No Conjur
TRF-4 segue MPF e decide que e-mails corporativos não são protegidos por sigilo
13 de junho de 2019, 20h01
Por Francisco Prehn Zavascki
Muitos vêm argumentando que as mensagens de celular de integrantes da força-tarefa da Lava Jato divulgadas pelo site The Intercept foram obtidas de forma ilegal. Entendo que, a despeito de aparentemente se tratar de celulares funcionais, eles estão protegidos pelo direito à privacidade. Portanto, somente mediante ordem judicial é que se poderia ter acesso a essas conversas.
Entretanto, em recentíssimo precedente, o TRF da 4ª Região, apoiado em parecer do Ministério Público Federal, entendeu que e-mails corporativos não estão submetidos à regra constitucional da inviolabilidade das comunicações. O número do processo é 5016202-28.2018.4.04.7100.
No caso, uma autarquia federal, na qual tramitava um inquérito administrativo para investigar ex-administradores de uma companhia de previdência, sem qualquer ordem judicial, e sem estarem investigando qualquer fato específico (portanto, numa verdadeira “expedição de pesca”), acessaram as caixas de e-mails dos ex-administradores. Elas estavam salvas nos servidores da empresa (que é privada) e os investigadores utilizaram essas informações para embasar imputações com repercussões nos âmbitos civil e penal.
Esse ato foi contestado judicialmente e o TRF-4, com base em parecer do MPF, afirmou que “o e-mail corporativo é uma ferramenta de trabalho, que pertence ao empregador, e não aos funcionários, que devem restringir o seu uso ao cumprimento de suas atribuições. Assim, o primeiro pode (e deve) zelar pela utilização adequada dos meios proporcionados aos segundos, para o desempenho de suas funções”.

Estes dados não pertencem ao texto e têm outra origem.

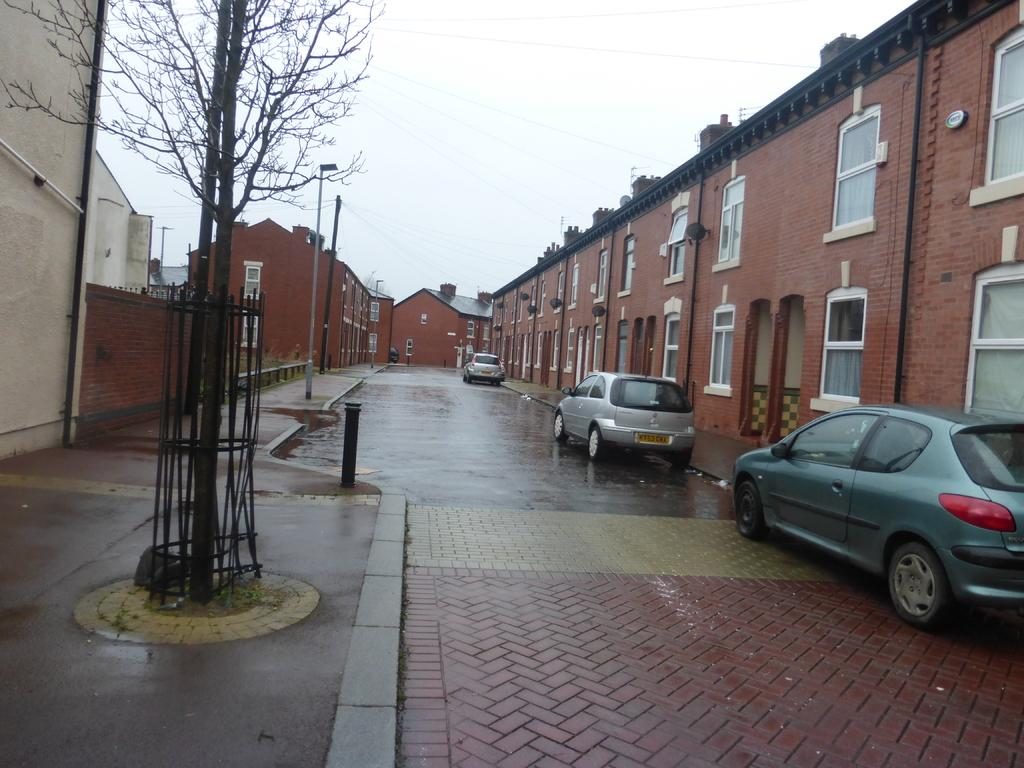What type of structures can be seen in the image? There are buildings in the image. What is happening on the road in the image? Motor vehicles are present on the road in the image. What are the vertical structures with signs or lights in the image? Street poles are visible in the image. What are the tall structures supporting electric cables in the image? Electric poles are present in the image. What are the cables connecting the electric poles in the image? Electric cables are visible in the image. What type of vegetation is present in the image? Trees are present in the image. What type of barrier can be seen in the image? Fences are visible in the image. What is visible in the background of the image? The sky is visible in the image. What can be seen in the sky in the image? Clouds are present in the sky. How many visitors are sitting on the wall in the image? There is no wall or visitors present in the image. What tool is the person using to fix the wrench in the image? There is no wrench or person using a tool present in the image. 
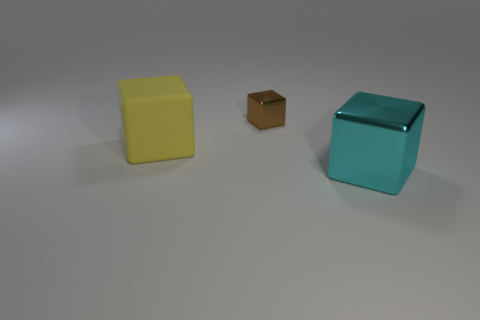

Dessa forma, “se o objeto das correspondências é, confessadamente, a atuação da entidade investigada (presentada por seus dirigentes), a inviolabilidade de correspondências não pode ser oposta ao poder de polícia ínsito à atividade regulatória, previsto no Decreto-Lei 73/66, na Lei 6.204/74, 10.190/2001 e na Lei Complementar 109/2001”.
Diante disso, concluiu o TRF-4 que “as informações obtidas por meio do monitoramento de e-mail corporativo não são provas ilícitas, quando relativas a aspectos não pessoais e de interesse da administração pública ou da coletividade”.
Reitero que não concordo com esse entendimento, pois acredito que, mesmo nestes casos, incide a garantia da inviolabilidade das comunicações.
Respeitosamente, porém, faço uma provocação: tendo em vista o manifesto interesse da coletividade na operação Lava Jato, por uma questão de coerência, não seria o caso de a íntegra das caixas de e-mails corporativos (e, pela lógica, das mensagens enviadas por celulares corporativos) das autoridades colocadas sob suspeição (do Judiciário ou do MPF) serem remetidas, independentemente de ordem judicial aos órgãos de fiscalização competentes para que, vasculhando-as, possam achar eventuais irregularidades?
Deixo a pergunta no ar apenas para reflexão.